Before running, you must set up environment variables for the project:

cp .env.example .env

The variables are ready for development, but it can be customized.

Python

The project uses uv for Python version and package management, make sure you already had it installed.

Create virtual env with uv

uv venv

Activate virtual env

source .venv/bin/activate

Sync Python packages

uv sync

Docker

The project uses Docker for containerization, the services used are:

PostgreSQL, as database for data warehouse
pgweb, for web-based database browser
Metabase, as front-end for data warehouse

To run these services inside Docker, run:

./compose.sh up

To stop the services, run:

./compose.sh down

To clean up everything, including container data, run:

./compose.sh cleanup

The script should be executable by default, if not, run:

chmod +x ./compose.sh

PostgreSQL

By default, the credentials for containerized database should be:

Host: localhost
Port: 5432
User: postgres
Password: securedb123
Database: data_warehouse

Please refer to your .env file, should you change any of the defaults.

Metabase

Upon running the compose up script, you will have to wait for Metabase to start. This process should take a minute, though the logs can be seen with:

docker logs ${PROJECT_NAME}_metabase -f

Adapt PROJECT_NAME to your environment variable, by default, it's au_crashes.

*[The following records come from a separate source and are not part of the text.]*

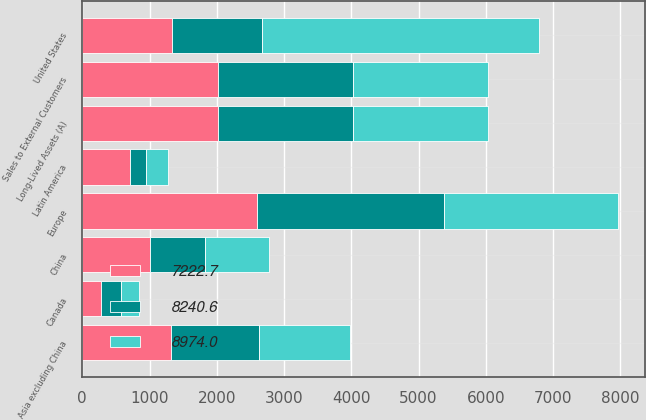<chart> <loc_0><loc_0><loc_500><loc_500><stacked_bar_chart><ecel><fcel>Sales to External Customers<fcel>United States<fcel>Canada<fcel>Europe<fcel>Asia excluding China<fcel>China<fcel>Latin America<fcel>Long-Lived Assets (A)<nl><fcel>7222.7<fcel>2013<fcel>1335<fcel>275.5<fcel>2602.1<fcel>1320.1<fcel>1008.3<fcel>716<fcel>2013<nl><fcel>8974<fcel>2012<fcel>4114.5<fcel>267.6<fcel>2588.5<fcel>1349.9<fcel>954.1<fcel>337.1<fcel>2012<nl><fcel>8240.6<fcel>2011<fcel>1335<fcel>297<fcel>2773.8<fcel>1307.9<fcel>814.2<fcel>228.3<fcel>2011<nl></chart> 
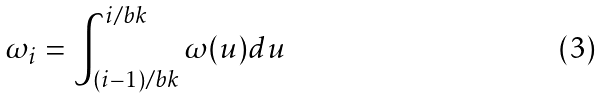Convert formula to latex. <formula><loc_0><loc_0><loc_500><loc_500>\omega _ { i } = \int _ { ( i - 1 ) / b k } ^ { i / b k } \omega ( u ) d u</formula> 
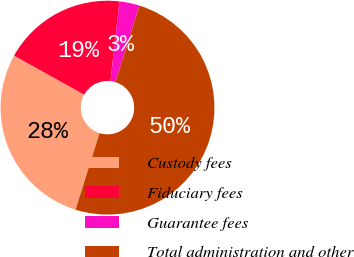Convert chart to OTSL. <chart><loc_0><loc_0><loc_500><loc_500><pie_chart><fcel>Custody fees<fcel>Fiduciary fees<fcel>Guarantee fees<fcel>Total administration and other<nl><fcel>28.26%<fcel>18.7%<fcel>3.04%<fcel>50.0%<nl></chart> 
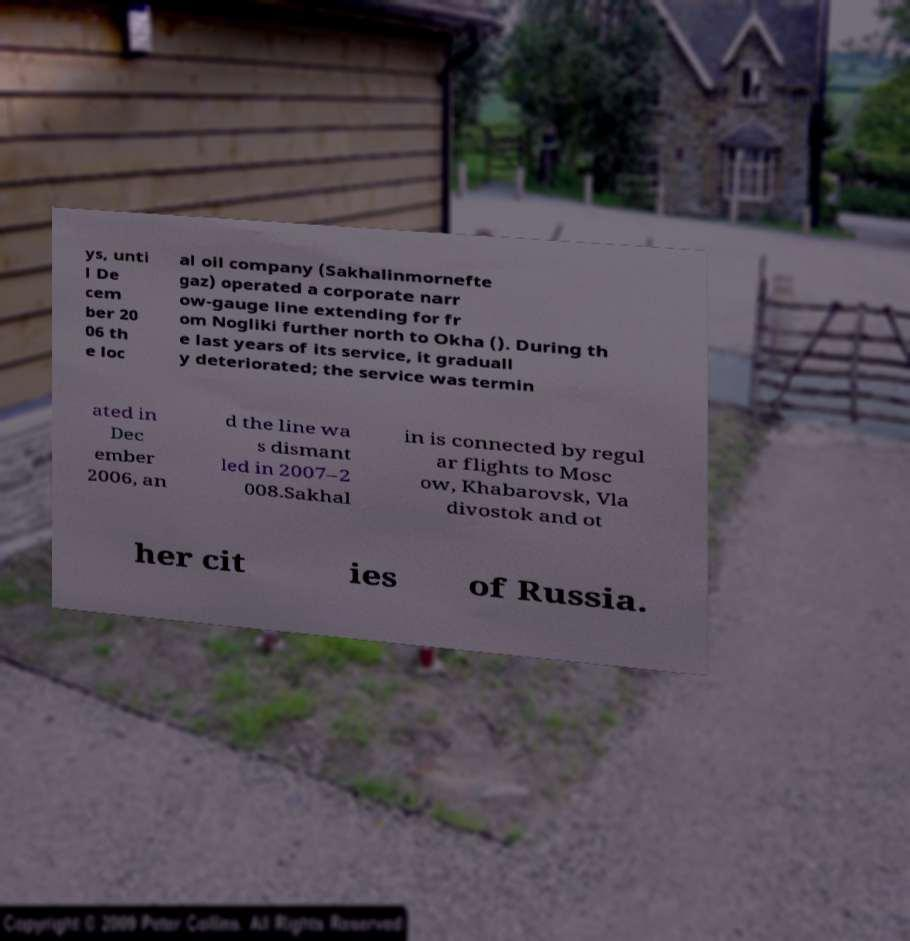Can you accurately transcribe the text from the provided image for me? ys, unti l De cem ber 20 06 th e loc al oil company (Sakhalinmornefte gaz) operated a corporate narr ow-gauge line extending for fr om Nogliki further north to Okha (). During th e last years of its service, it graduall y deteriorated; the service was termin ated in Dec ember 2006, an d the line wa s dismant led in 2007–2 008.Sakhal in is connected by regul ar flights to Mosc ow, Khabarovsk, Vla divostok and ot her cit ies of Russia.

On first start up, you will be required to create an admin account to access Metabase. Follow the process and input anything. On the 4th step, you should pick PostgreSQL and enter the database credentials.

If you use the database locally, you must replace localhost with host.docker.internal.

Setup PostgreSQL data warehouse in Metabase

Refreshing Metabase Data

If you have ran Metabase before executing the data pipeline, you would probably need to refresh the database schema and field values.

To do this, head to: http://localhost:3000/admin/databases/

Refresh data warehouse in Metabase

Adding custom maps to Metabase

Metabase by default only ship with US and World map.

To add Australian regions to the map visualization:

Head to http://localhost:3000/admin/settings/maps
Click on Add a map
Name the map "Australian Local Government Area" with the URL

https://raw.githubusercontent.com/sglkc/ardd-data-warehouse/refs/heads/master/docs/geojson/LGA2021AUST_GDA94.json

Then follow the image below.

Loading custom maps in Metabase

dlt

The project utilizes dlt (data load tool) to extract file datasets into the data warehouse bronze layer.

To load the source datasets into the data warehouse, run the following script with additional source name:

./dlt.sh <all|fatalities-jun|fatalities-jul|lga|ra|sa4|dwellings|population>

SQLMesh

As for the transform and load (TL) process, the project uses SQLMesh in the silver and gold layer.

To apply model changes to the data warehouse, run the following script:

./sqlmesh.sh

Troubleshooting

If you encountered Failed to build psycopg2==2.9.10 on uv sync, you must install the libpq library to build it.

sudo apt-get install libpq-dev

Expanding the project

There are more publicly available datasets from Australian Bureau of Statistics that may be used to expand this project to a larger data warehouse:

https://www.abs.gov.au/statistics

The population datasets are very helpful to know territory populations and death counts.

License

You may contribute or fork this repository, please feel free to use this to learn!